ACTIVITY
Every line with the word "down" in it should be extracted from the data that follows.

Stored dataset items
================================

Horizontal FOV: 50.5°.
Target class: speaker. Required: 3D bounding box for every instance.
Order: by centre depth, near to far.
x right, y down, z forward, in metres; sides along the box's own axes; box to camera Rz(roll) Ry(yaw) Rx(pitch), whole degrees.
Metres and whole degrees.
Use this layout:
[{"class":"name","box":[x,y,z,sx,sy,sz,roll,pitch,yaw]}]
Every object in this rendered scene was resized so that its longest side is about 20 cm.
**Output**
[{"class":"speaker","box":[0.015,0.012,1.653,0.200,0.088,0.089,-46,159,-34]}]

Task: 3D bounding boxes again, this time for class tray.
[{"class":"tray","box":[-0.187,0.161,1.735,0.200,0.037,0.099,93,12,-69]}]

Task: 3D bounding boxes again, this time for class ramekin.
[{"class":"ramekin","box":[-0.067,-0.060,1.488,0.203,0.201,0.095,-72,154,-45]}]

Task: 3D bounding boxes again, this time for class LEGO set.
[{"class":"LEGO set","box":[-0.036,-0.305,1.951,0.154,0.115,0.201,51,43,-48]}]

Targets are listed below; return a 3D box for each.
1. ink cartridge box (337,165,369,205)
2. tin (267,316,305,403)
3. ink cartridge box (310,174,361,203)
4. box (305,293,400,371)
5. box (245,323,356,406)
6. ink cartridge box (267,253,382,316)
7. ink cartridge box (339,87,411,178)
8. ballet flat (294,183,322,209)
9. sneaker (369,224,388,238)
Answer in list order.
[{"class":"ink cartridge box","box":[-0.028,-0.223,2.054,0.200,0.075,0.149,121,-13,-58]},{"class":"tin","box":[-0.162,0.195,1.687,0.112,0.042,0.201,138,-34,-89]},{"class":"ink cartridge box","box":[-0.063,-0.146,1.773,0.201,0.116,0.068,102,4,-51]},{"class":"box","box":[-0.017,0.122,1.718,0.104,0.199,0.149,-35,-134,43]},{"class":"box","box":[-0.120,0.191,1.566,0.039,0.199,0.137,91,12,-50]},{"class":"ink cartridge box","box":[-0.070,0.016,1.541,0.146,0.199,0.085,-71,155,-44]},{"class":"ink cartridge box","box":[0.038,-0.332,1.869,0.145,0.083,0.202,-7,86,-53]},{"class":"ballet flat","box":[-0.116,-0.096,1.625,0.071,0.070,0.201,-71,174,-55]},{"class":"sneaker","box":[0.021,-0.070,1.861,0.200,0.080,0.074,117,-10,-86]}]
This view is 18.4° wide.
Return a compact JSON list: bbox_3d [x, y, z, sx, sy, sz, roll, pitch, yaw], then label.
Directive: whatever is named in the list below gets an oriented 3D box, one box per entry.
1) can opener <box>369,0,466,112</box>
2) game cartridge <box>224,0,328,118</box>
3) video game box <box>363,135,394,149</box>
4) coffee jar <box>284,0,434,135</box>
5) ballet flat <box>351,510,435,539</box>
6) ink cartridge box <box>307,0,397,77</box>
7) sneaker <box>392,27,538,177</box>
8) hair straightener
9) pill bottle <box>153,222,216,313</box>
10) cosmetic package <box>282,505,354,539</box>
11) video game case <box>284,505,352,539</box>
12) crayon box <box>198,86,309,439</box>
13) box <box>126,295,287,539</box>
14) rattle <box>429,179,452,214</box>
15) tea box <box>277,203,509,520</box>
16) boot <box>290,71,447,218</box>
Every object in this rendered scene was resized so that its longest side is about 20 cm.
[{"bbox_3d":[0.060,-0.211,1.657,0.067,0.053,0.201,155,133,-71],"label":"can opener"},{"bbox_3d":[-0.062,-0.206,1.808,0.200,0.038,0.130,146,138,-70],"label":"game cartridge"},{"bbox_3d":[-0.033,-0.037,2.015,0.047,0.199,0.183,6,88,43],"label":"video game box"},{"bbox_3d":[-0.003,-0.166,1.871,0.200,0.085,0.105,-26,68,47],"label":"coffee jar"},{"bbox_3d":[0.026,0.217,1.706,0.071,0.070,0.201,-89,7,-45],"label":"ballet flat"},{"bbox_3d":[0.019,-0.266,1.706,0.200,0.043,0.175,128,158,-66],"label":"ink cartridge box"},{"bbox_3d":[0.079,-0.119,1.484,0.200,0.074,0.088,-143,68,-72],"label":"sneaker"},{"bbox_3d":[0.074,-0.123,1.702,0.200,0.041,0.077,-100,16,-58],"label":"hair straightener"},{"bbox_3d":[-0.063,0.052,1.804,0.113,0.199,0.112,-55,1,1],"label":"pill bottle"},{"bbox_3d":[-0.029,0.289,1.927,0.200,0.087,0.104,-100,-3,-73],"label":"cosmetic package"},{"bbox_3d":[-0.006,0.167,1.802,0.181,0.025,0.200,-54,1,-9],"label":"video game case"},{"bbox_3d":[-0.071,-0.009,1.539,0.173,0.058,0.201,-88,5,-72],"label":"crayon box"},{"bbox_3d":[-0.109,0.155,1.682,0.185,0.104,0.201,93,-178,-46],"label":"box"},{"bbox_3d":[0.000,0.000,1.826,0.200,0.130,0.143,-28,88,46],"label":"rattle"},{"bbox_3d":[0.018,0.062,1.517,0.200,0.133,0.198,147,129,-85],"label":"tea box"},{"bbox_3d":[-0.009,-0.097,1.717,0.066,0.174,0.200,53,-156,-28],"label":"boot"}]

================================

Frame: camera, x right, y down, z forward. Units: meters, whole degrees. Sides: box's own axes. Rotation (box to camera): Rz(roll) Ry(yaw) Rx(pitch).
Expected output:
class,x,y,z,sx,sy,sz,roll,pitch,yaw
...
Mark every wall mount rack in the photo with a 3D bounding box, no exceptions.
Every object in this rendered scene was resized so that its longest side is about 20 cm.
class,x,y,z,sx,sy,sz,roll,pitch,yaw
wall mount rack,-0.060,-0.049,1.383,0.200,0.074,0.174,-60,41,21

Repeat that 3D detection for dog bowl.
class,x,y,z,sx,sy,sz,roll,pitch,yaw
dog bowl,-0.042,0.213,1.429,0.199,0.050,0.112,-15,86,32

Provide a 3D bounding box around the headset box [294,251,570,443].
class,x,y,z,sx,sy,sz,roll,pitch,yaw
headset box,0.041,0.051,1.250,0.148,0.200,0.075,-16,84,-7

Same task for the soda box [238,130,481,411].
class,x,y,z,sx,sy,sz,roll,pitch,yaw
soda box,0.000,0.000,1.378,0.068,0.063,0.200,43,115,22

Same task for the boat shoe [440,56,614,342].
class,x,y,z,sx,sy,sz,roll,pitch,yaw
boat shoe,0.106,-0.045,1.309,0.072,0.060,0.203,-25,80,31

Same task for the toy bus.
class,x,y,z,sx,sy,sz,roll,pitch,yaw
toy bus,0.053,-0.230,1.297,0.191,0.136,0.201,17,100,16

================================

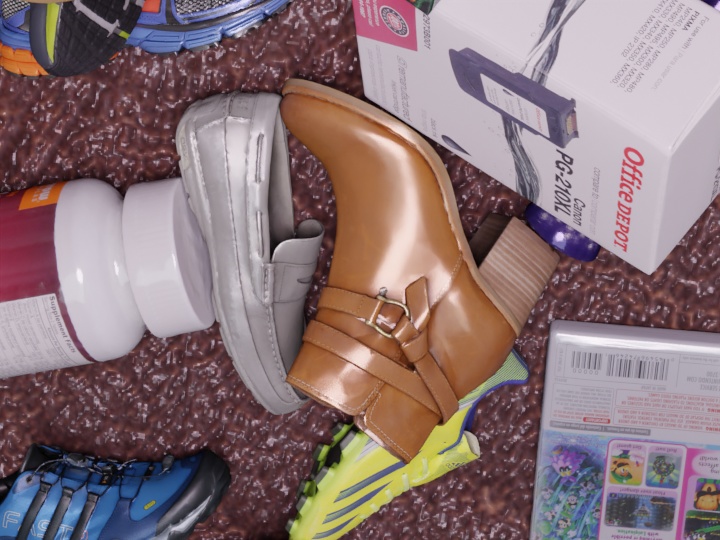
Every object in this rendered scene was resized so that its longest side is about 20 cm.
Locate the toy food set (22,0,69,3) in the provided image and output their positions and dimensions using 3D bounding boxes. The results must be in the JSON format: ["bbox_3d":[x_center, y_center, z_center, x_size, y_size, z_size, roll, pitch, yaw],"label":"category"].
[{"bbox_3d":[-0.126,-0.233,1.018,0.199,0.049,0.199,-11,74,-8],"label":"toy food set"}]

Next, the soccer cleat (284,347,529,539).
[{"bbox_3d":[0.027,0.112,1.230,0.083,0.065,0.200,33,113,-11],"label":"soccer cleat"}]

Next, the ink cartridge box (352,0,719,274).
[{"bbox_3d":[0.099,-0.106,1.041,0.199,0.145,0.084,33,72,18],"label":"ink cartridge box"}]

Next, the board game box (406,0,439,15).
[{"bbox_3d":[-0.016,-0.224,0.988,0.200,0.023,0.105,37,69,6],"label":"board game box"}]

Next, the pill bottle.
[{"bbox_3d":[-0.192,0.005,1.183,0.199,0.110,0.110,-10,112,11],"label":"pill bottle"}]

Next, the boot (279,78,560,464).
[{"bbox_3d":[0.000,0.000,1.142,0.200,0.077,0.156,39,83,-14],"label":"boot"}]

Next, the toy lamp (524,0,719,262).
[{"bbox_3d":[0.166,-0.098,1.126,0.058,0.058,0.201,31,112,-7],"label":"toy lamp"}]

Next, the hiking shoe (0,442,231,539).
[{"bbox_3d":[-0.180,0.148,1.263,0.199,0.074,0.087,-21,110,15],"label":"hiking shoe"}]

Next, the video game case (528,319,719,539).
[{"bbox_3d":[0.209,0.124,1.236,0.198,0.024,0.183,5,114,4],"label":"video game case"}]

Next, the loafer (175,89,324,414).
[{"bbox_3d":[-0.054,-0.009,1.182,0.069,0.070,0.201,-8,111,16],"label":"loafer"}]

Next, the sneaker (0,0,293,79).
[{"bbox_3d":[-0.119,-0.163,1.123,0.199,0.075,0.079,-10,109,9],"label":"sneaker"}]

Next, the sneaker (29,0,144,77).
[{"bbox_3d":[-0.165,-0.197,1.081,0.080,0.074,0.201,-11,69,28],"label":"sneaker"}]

================================

SOLVED PROBLEM
x right, y down, z forward, in metres; sides along the box's own axes; box to camera Rz(roll) Ry(yaw) Rx(pitch), whole degrees.
Frame: camera, x right, y down, z forward. Units: meters, whole degrees. Sides: box's own axes. Rotation (box to camera): Rz(roll) Ry(yaw) Rx(pitch).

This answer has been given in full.